Once the data has been constructed, it will be served using both the Channel Access and PVAccess servers. Here, these are converted into the appropriate dictionaries for building the process variable database items. The PVAccess server could be refactored to directly use the new data structure instead of constructing the pvdb; however, the Channel Access server uses the pvdb in its constuction so the pvdb conversion step will be necessary.

## Current data requirements:
In its current iteration (as reflected by the pva_refactor branch), the server and client use the process variable database constructed from the model info keys provided in the hdf5 file associated with the model. This serves as a single source of truth composed at runtime for both client and server, which should be avoided going forward. The process variable database should instead be derived from an input/output collection that is saved along with the model build and may be replicated across model builds. Current data used client and server-side is outlined below:


| Attribute   | Used server-side | Used client-side | Required for pva | Required for CA |
|-------------|------------------|------------------|------------------|-----------------|
| name        | ✓                | ✓                | ✓                | ✓               |
| pv_type     | ✓                | ✓                | ✓                | ✓               |
| value *     | ✓ (inputs)       |                  | ✓ (inputs)       | ✓ (inputs)      |
| default **  |                  | ✓                |                  |                 |
| units       |                  | ✓                |                  |                 |
| value_range | ✓ (CA)           | ✓ (sliders)      |                  | ✓               |
| is_input    | ✓                | ✓                | ✓                | ✓               |
| type        | ✓ (CA)           |                  |                  | ✓               |
| precision   | ✓ (CA)           |                  |                  | ✓               |

Additionally, this collection might also be extended to encompass build instructions. This will be explored in section 3.



\* Value for outputs is not required because it is computed directly from the model before serving.
<br>
\** Defaults are currently used as placeholders.

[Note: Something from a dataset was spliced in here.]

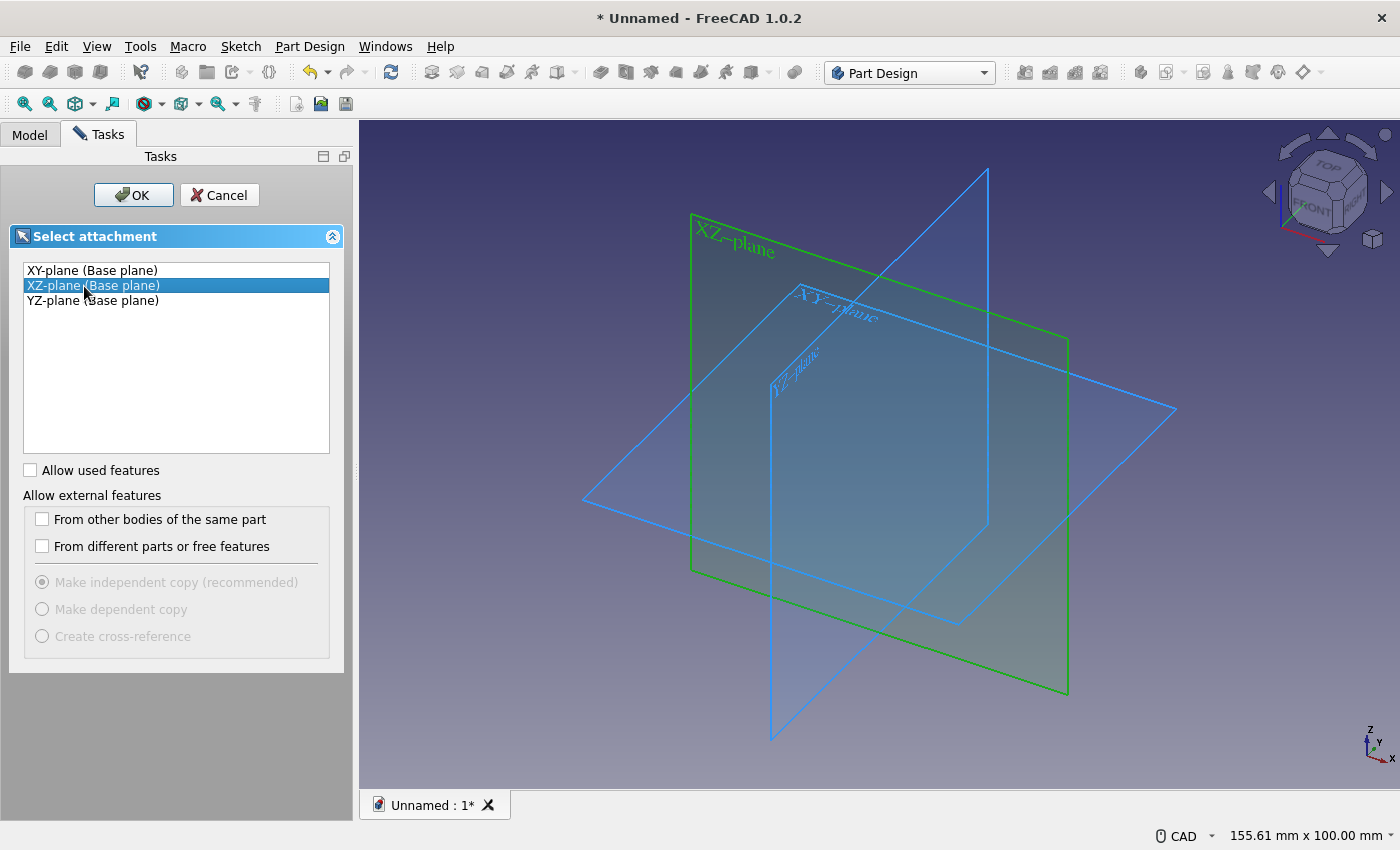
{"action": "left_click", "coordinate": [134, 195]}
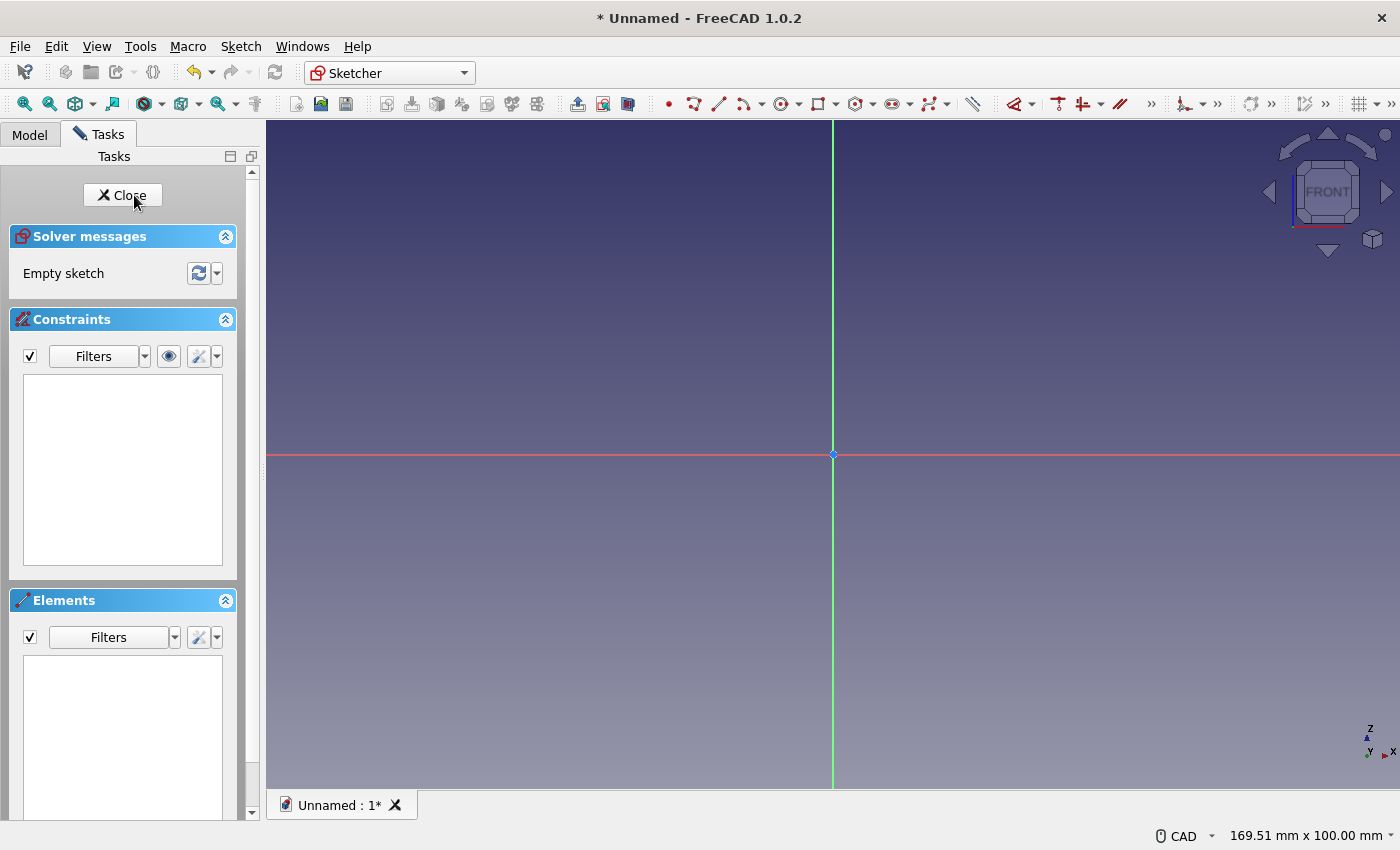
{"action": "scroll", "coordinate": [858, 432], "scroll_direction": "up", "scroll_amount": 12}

There is also a concept of a missing value default for IOCs that could be acocunted for in a similar manner.

## 1. xarray for metadata 
The process variables are each constructed using the `xarray.Variable` class. All variables are then used to construct a Dataset. 

In [1]:
import xarray as xr
import numpy as np
from typing import List, Tuple, Union

# xarray does not propogate attributes by default
xr.set_options(keep_attrs = True)

def build_variable(*, 
                   name: str, 
                   pv_type: str, 
                   value: Union[np.ndarray, float], 
                   value_range: List[float], 
                   default: Union[np.ndarray, float], 
                   dim: Tuple[str], 
                   units: str, 
                   is_input: int,
                   precision: int,
                   color_mode: int, # None if image pv
                   shape: Tuple[int] # None if image pv
                  ) -> xr.Variable: 
    
    # assign default for none value
    if value is None:
        value = default
    
    # need to convert scalar to array to work with xarray
    if isinstance(value, (float,)):
        value = np.array([value])
        
    attributes = {
              "pv_type": pv_type, 
              "range" : value_range,
              "default": default,
              "units": units,
              "name": name,
              "is_input": is_input,
              "precision": precision,
             }
    
    if pv_type == "image":
        attributes["color_mode"] = color_mode
        attributes["shape"] = shape
        
    variable = xr.Variable(dim,
                           value,
                           attrs=attributes
                        )
    
    return variable


# Example variable using misc data
example_variable = build_variable(
    name = "example",
    pv_type = "scalar",
    value_range=[1.000000e-01, 5.000000e-01], 
    default=3.47986980e-01,
    value= np.array([3.47986980e-01]), # MUST BE AN ARRAY!
    dim = ("length",),
    units = "mm",
    is_input = 1,
    precision = 8,
    color_mode = None,
    shape = None
)


### Now, use the build_variable function to create xarray Dataset from our model info:

In [3]:
from online_model.var_config import VARIABLES


variables = {}

for variable, configs in VARIABLES.items():
    variables[variable] = build_variable(
        name = variable,
        pv_type = configs.get("pv_type"),
        value_range=configs.get("range"), 
        default=configs.get("default"),
        value= configs.get("value"),
        dim = configs.get("xarray_dim"),
        units = configs.get("units"),
        is_input = configs.get("is_input"),
        precision = 8, 
        color_mode = configs.get("color_mode"),
        shape = configs.get("shape")
    )
    
    
dset = xr.Dataset(variables)
# show dset explore view
dset

### Prepare to serve
Note: Enforcing required attributes for our entry would require massive manual extension of the build_variable. This has the potential to result in missing required fields or incorrectly typed attributes.

In [None]:
from online_model.server import ca, pva
from online_model.model.MySurrogateModel import MySurrogateModel
PREFIX = "smvm"

MODEL_FILE = "online_model/files/CNN_051620_SurrogateModel.h5"
STOCK_LASER_IMAGE = "online_model/files/example_input_image.npy"

MODEL_KWARGS = {
    "model_file": MODEL_FILE,
    "stock_image_input": np.load(STOCK_LASER_IMAGE),
}

ARRAY_PVS = ["x:y"]



def pvdb_from_xarray(dset, protocol):
    input_pvdb = {}
    output_pvdb = {}

    for variable in dset.keys():

        entry = {
            "prec": dset[variable].attrs["precision"],
            "units": dset[variable].attrs["units"],
            "range": dset[variable].attrs["range"],
            "type": "float",  # For channel access
        }

        # set up area detector pvs
        if protocol == "ca" and dset[variable].attrs["pv_type"] == "image":
            image_pvs = build_image_pvs(
                variable,
                dset[variable].attrs["shape"],
                dset[variable].attrs["units"],
                dset[variable].attrs["precision"],
                dset[variable].attrs["color_mode"],
            )

            if dset[variable].attrs["is_input"] == 1:
                input_pvdb.update(image_pvs)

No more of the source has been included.